Data section
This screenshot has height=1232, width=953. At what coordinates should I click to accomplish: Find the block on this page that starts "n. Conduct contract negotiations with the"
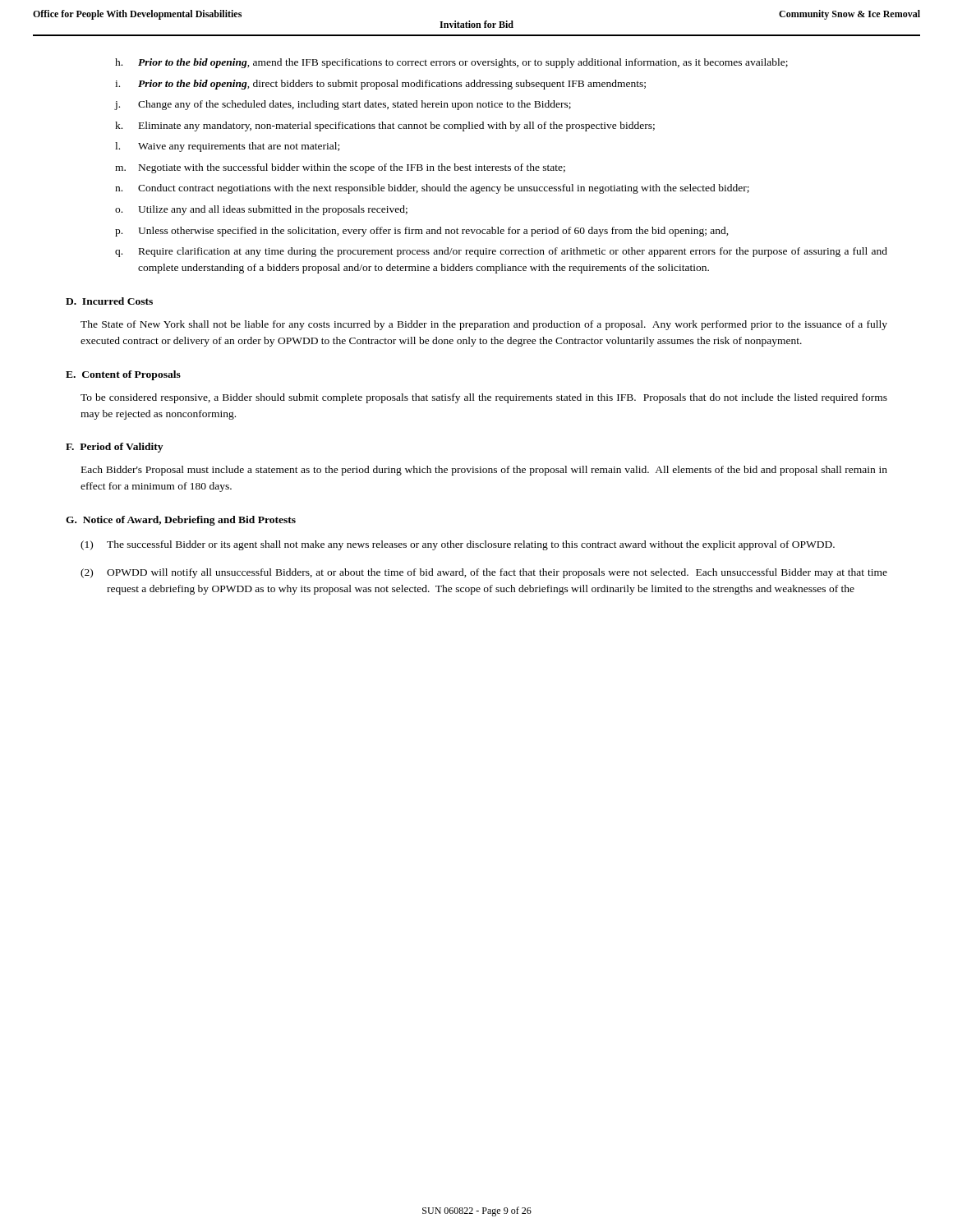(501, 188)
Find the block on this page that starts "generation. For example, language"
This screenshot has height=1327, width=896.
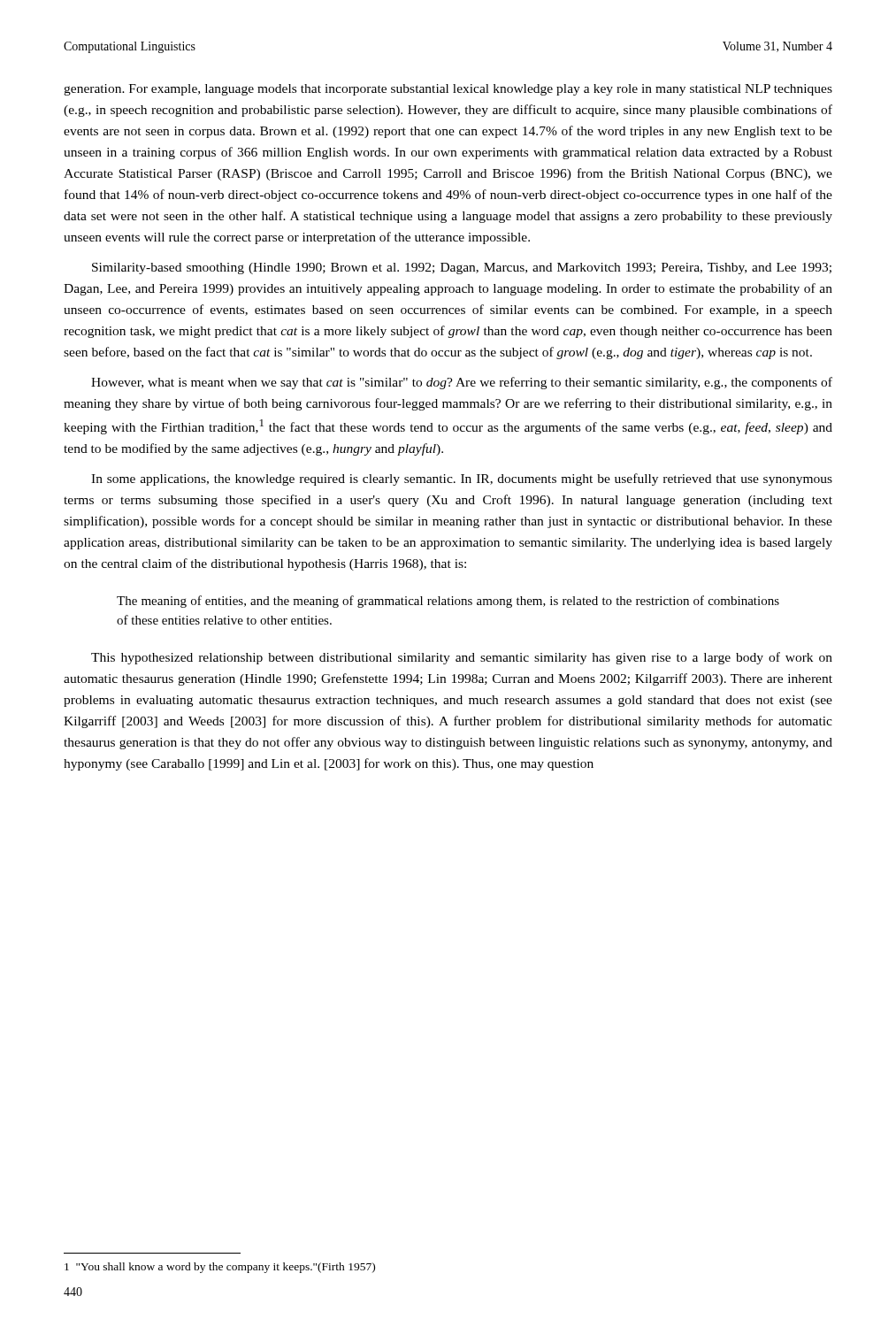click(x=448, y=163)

What is needed
Give the records back exactly. Leave the pictures out.

Problem solution
This screenshot has height=1232, width=953. At what coordinates should I click to accomplish: Find the block on this page that starts "n. Conduct contract negotiations with the"
(501, 188)
Find the block on this page that starts "generation. For example, language"
This screenshot has height=1327, width=896.
click(x=448, y=163)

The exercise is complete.